NOTE: I do not use this version anymore. It may not work. I have rewrited it using Kotlin -> stats-scraper
Programing languages statistics scraper
Tool which collects (scraps from web) statistics for programing languages in need for my site jaki-jezyk-programowania.pl.
Currently, the tool is fetching data for each language from:
- Github
- top 10 projects
- number of projects
- number of projects with more than 500 stars
- Meetup.com
- number of members
- number of meetups
- StackOverflow
- number of tagged questions
- Wikipedia
- latest language version
- Tiobe INDEX
- position at last year
- position at this year
- Spectrum ranking
- position at last year
- position at this year
Everything is stored in two json files: - statistics.json - languagesVersions.json
If statistics.json already exists, then it will be renamed (date will be appended) and fresh one will be created as statistics.json.
Getting Started
These instructions will get you a copy of the project up and running on your local machine for development and testing purposes.
Prerequisites
- Java 8+
- Maven (Development)
- Github account (if you want to collect data from Github)
Demo
If you want to just demo test it, download demo release, put it to demo
folder and run this bat file:
demo/stats-scraper-demo.bat
or manually in cmd from project directory
java -jar stats-scraper-1.0.0.jar -no-git
(Github data will be skipped)
Note:
If you will run this tool more than once within short time then errors occurs due to api restrictions.
Also you cannot have more than one file created in the same day.

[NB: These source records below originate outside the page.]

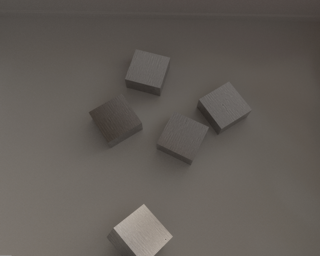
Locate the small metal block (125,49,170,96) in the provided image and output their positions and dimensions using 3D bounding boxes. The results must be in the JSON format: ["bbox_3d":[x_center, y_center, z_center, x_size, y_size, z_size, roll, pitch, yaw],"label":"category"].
[{"bbox_3d":[-0.017,-0.078,0.438,0.050,0.025,0.050,15,71,5],"label":"small metal block"}]

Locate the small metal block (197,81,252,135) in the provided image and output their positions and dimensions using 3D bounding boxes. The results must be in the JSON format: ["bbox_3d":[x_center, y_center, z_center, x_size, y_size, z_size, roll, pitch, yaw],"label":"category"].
[{"bbox_3d":[0.086,-0.027,0.421,0.050,0.025,0.050,-31,73,-11],"label":"small metal block"}]

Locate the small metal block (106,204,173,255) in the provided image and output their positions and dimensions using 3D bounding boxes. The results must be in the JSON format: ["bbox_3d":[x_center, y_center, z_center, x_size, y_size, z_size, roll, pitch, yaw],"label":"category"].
[{"bbox_3d":[-0.023,0.124,0.352,0.050,0.025,0.050,46,43,14],"label":"small metal block"}]

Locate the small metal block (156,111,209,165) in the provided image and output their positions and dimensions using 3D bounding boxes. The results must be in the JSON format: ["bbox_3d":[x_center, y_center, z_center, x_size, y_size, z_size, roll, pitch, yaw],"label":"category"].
[{"bbox_3d":[0.029,0.013,0.405,0.050,0.025,0.050,25,72,8],"label":"small metal block"}]

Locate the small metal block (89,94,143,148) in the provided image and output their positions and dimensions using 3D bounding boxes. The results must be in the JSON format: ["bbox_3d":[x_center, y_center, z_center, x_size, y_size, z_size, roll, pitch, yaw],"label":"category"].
[{"bbox_3d":[-0.058,-0.009,0.412,0.050,0.025,0.050,-31,73,-11],"label":"small metal block"}]

You need to remove or move old file with appended date if you want to get fresh data in that day.
Installing
Install maven dependencies
mvn install
Provide github authentication token under src\main\resources\config.properties
if u want to fetch data from Github
Follow this guide if u don't have token.
GithubAuthToken=token 22sadasdsa34r32412342134214324123
Otherwise, you need to pass parameter -no-git
when you are running program:
java -jar stats-scraper-1.0.0.jar -no-git
or remove lines where GithubDataScraper
is added to StatisticsBuilder
at App
class.
If you want to regenerate jar file to use it as single file application run:
mvn packege
(it goes under target/stats-scraper-1.0.0.jar)
Sample output of tool:
Built With
- Maven - Dependency management and build tool.
- Jsoup - Used to parse HTML websites.
- Json smart - Working with JSONObjects.
- Apache Commons - helper libs for validating data.
- Logback - status logging.